# Is this a Termite?



## imachabeli (Oct 8, 2009)

We just bought a house and previous owner had termite treatment done last year. 
Two days ago I found a couple of unknown species (on the picture) in the kitchen and dozen in the backyard. Yesterday guys from pest pest control arrived an said that that's not a termite but they looked really unsure, plus since house is on the annual contract they have zero motivation to acknowledge even if these are termites.
Attached are the pictures.


----------



## nap (Dec 4, 2007)

looks like an earwig for the most part. A bit odd shaped compared to what I am used to seeing but basically correct.

http://www.google.com/images?um=1&h...&sa=1&q=earwig&aq=f&aqi=g10&aql=&oq=&gs_rfai=


----------



## Yoyizit (Jul 11, 2008)

http://www.skpestelimination.com/about/pest_pics/termites.gif


----------



## nap (Dec 4, 2007)

scroll down just a bit on this link. There is an earwig pictured that, to me, looks identical to your pictures.

and here is a European earwig. Looks very similar.


----------



## chrisn (Dec 23, 2007)

nap said:


> looks like an earwig for the most part. A bit odd shaped compared to what I am used to seeing but basically correct.
> 
> http://www.google.com/images?um=1&h...&sa=1&q=earwig&aq=f&aqi=g10&aql=&oq=&gs_rfai=


 
Thats because it is!:yes::laughing:


----------



## nap (Dec 4, 2007)

chrisn said:


> Thats because it is!:yes::laughing:


well, there are a few different species of earwigs and those are a bit different than the ones I have around my place. 

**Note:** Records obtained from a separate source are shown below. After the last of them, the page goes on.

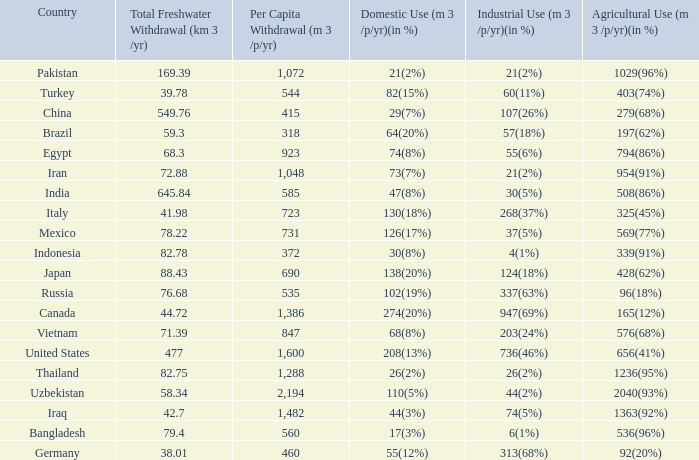What is Agricultural Use (m 3 /p/yr)(in %), when Per Capita Withdrawal (m 3 /p/yr) is greater than 923, and when Domestic Use (m 3 /p/yr)(in %) is 73(7%)? 954(91%). 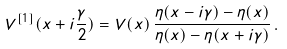<formula> <loc_0><loc_0><loc_500><loc_500>V ^ { [ 1 ] } ( x + i \frac { \gamma } { 2 } ) = V ( x ) \, \frac { \eta ( x - i \gamma ) - \eta ( x ) } { \eta ( x ) - \eta ( x + i \gamma ) } \, .</formula> 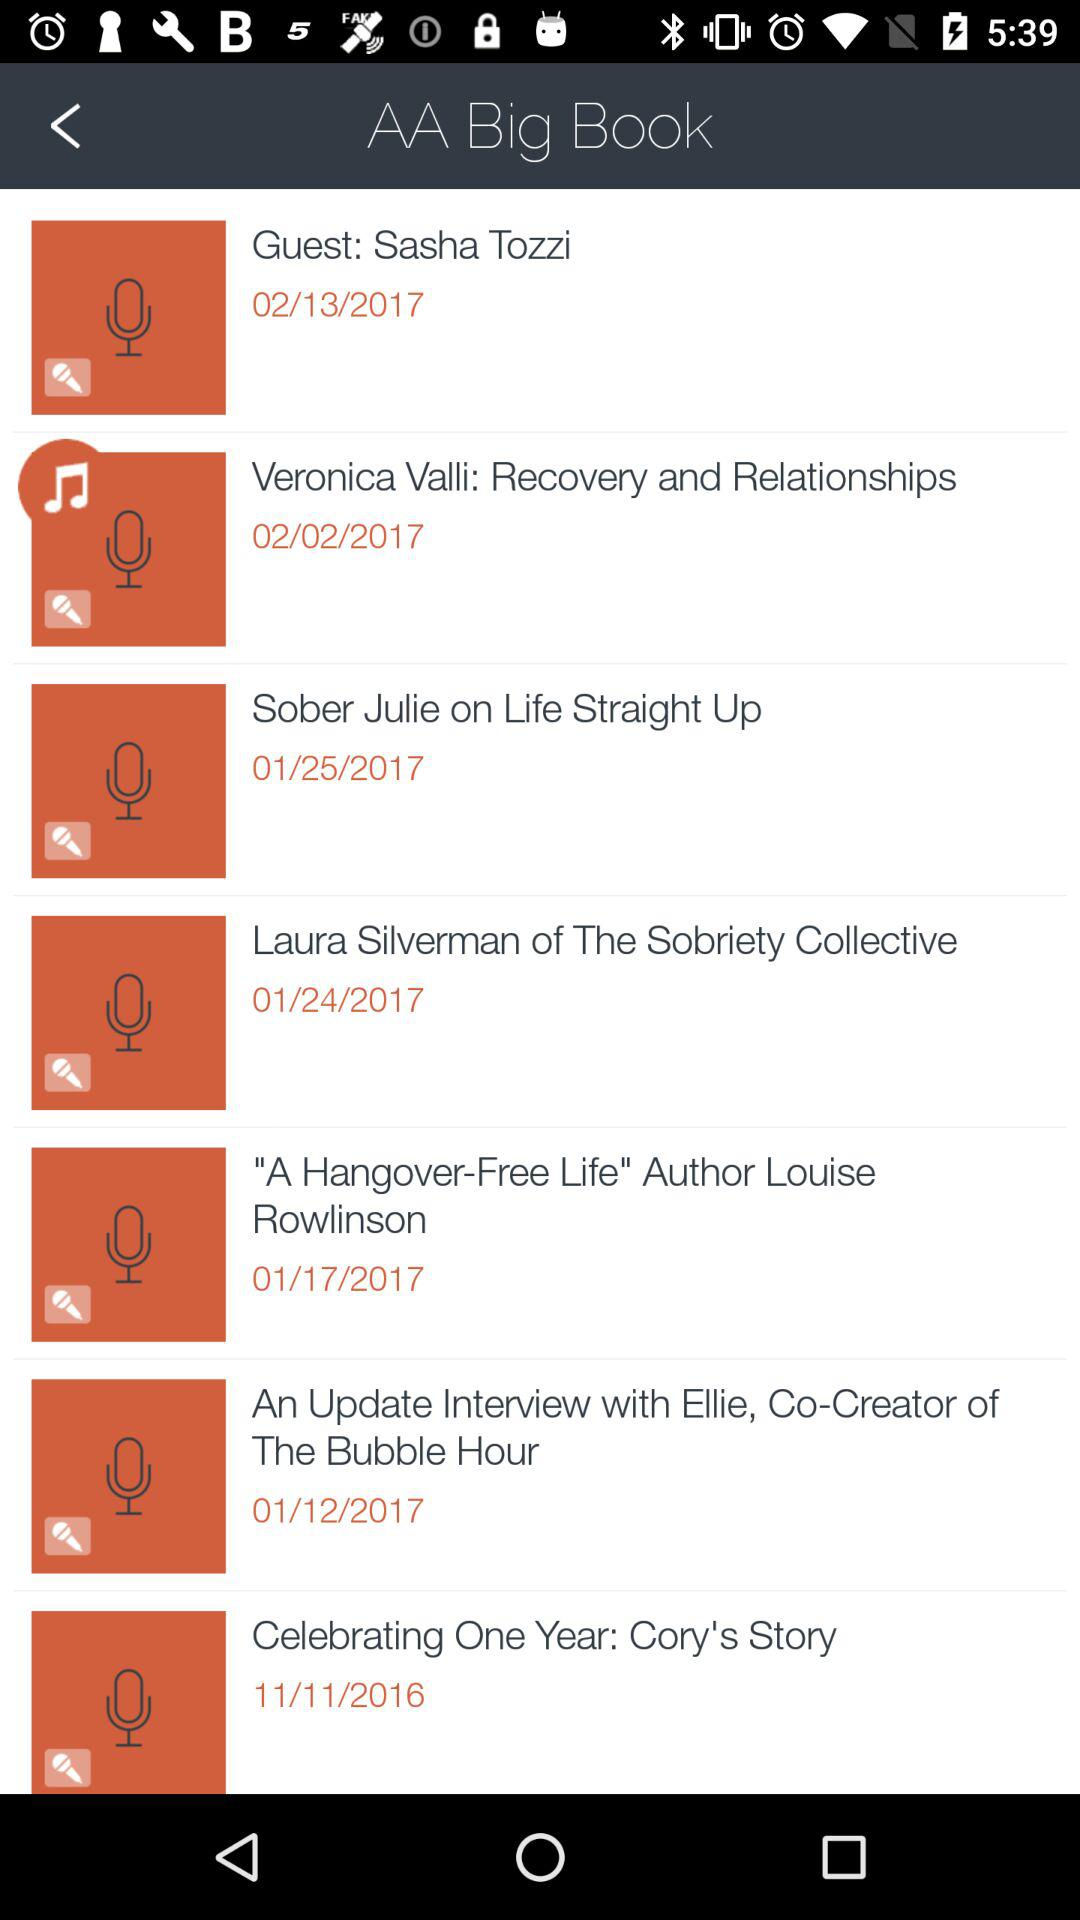What is the date of "Celebrating One Year: Cory's Story"? The date is 11/11/2016. 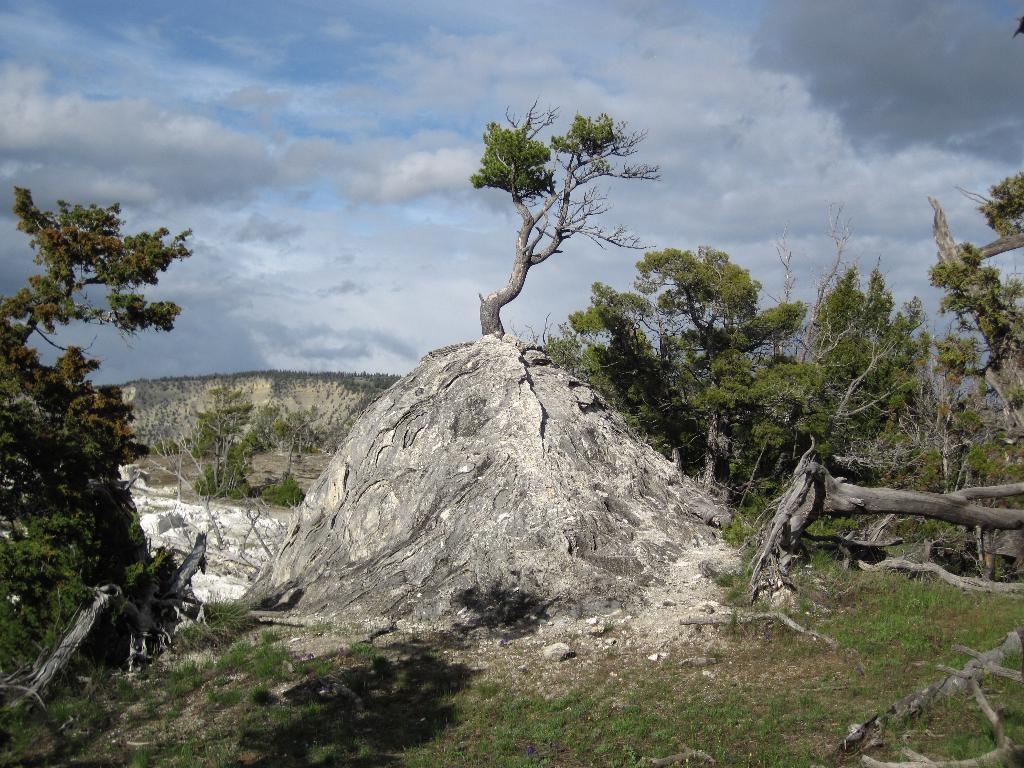What type of surface is visible in the image? There is a grass surface in the image. What other natural elements can be seen in the image? There are plants and a rock hill with a tree on it in the image. What can be seen in the distance in the image? There are hills visible in the background of the image. What is visible above the hills in the image? The sky is visible in the background of the image, and clouds are present in the sky. What degree of difficulty is the dress designed for in the image? There is no dress present in the image, so it is not possible to determine the degree of difficulty of any dress.

Get it? It's an ear with a wig on it; an ear wig!!:whistling2:


----------



## fabrk8r (Feb 12, 2010)

It's an earwig...they appear to be immature specimens because of the short abdomens on the ones in the pics.

They are harmless to people and animals, although like a most insects they like warm, dark, places...like the contactors on your condensing unit. I also find them plugging my hose nozzles every summer.

Here is some info copied and pasted from the web (so it must be true!)...

"Earwigs eat an omnivorous diet of other insects and plants. This diet can be beneficial: earwigs feed on aphids, mites, fleas, and insect eggs. Unfortunately, in gardens they munch on dahlias, marigolds, lettuce, potatoes, and hostas. They will also feed on mosses, lichens, and algae. Earwigs are active at night and hide during the day in almost any dark, confined space, particularly if it is moist."


----------



## imachabeli (Oct 8, 2009)

Thanks to everyone responded. The species I cought definitely look like earwigs.


----------



## DUDE! (May 3, 2008)

I put my glasses on and looked real close,, Nope, thats not KC


----------